2. ACCEPTANCE OF ORDERS - All orders from Buyer are subject
to acceptance by Seller, and Seller reserves the right to accept or reject
any orders in whole or in part.
3. PRICES - Prices quoted or acknowledged by Seller are firm
for the quantities and the shipping schedules set forth in the quotation or
order acknowledgement, but are subject to revision if quantities and/or
shipping schedules are changed by buyer.
4. TAXES - Unless otherwise specifically provided for in
quotation or order acknowledgement, the amount of any present or future
sales, revenue, excise or other tax applicable to the products covered by
this quotation or order or the manufacture or sale thereof, shall be added to
the purchase price and shall be paid by Buyer, or in lieu thereof Buyer shall
provide Seller with a tax exemption certificate acceptable to the taxing
authorities.
5. TRANSPORTATION - All sales are made F.O.B. shipping
point. Seller's title and risk of loss passes to Buyer upon making delivery
of material purchased hereunder to carrier at shipping point in good
condition. All claims for loss or damage must be filed by Buyer with the
carrier. Unless specific instructions are given by Buyer, Seller reserves the
right to select carrier and routing.
6. DELIVERY - Shipping dates are approximate and are based
on prompt receipt from Buyer of all necessary information, Seller reserves
the right to make partial shipments.
7. PAYMENT AND TERMS - All invoices on credit terms are due
and payable 30 days from the date of invoice. No discounts are allowed.
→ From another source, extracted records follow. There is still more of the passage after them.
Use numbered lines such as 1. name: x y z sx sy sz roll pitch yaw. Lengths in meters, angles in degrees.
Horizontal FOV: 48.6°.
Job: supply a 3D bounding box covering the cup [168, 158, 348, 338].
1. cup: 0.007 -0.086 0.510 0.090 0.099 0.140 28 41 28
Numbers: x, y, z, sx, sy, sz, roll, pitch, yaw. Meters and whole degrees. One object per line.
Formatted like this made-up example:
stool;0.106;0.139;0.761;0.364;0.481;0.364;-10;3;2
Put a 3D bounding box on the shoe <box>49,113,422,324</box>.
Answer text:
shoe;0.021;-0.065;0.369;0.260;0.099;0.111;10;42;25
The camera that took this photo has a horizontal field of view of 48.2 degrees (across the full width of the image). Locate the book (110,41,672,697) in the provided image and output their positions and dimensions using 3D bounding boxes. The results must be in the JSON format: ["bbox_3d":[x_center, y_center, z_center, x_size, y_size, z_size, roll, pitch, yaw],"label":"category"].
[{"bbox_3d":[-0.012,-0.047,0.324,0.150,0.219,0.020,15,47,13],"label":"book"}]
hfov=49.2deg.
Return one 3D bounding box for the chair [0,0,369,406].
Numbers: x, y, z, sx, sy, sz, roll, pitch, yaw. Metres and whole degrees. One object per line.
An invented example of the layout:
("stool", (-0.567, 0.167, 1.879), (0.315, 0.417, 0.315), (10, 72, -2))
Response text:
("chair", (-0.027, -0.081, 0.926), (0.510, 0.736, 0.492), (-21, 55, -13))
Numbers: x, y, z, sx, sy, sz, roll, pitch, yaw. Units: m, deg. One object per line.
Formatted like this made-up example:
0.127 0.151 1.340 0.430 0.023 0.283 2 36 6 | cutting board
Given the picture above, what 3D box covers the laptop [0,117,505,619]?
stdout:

Invoices remaining unpaid after their due date will be subject to interest
charge of 1.5% per month (or the maximum rate allowed in Buyer's State, if
lower) from their due date until paid. Buyer will pay all costs and expenses
of collection of overdue accounts, including reasonable attorney's fees.
Each shipment shall be considered a separate and independent transaction, and
payment therefore shall be made accordingly. If shipment is delayed by Buyer,
Seller has the right to issue invoice on the date he is prepared to make
shipment. If the work covered by the purchase order is delayed by Buyer, the
invoiced amount shall be based on the purchase price and the percentage of
completion. Products held for Buyer shall be at the risk and expense of
Buyer. Seller reserves the right to ship to its order and make collection by
sight draft with bill of lading attached.
If, in the judgement of Seller, the financial condition of Buyer at any time
does not justify continuation of production of shipment on the terms of
payment originally specified, seller may require full or partial payment in
advance. In the event of bankruptcy or insolvency by Buyer or in the event
any proceeding is brought by or against Buyer under the bankruptcy or
insolvency laws, Seller shall be entitled to cancel any order then
outstanding and shall receive reimbursement for its cancellation charges.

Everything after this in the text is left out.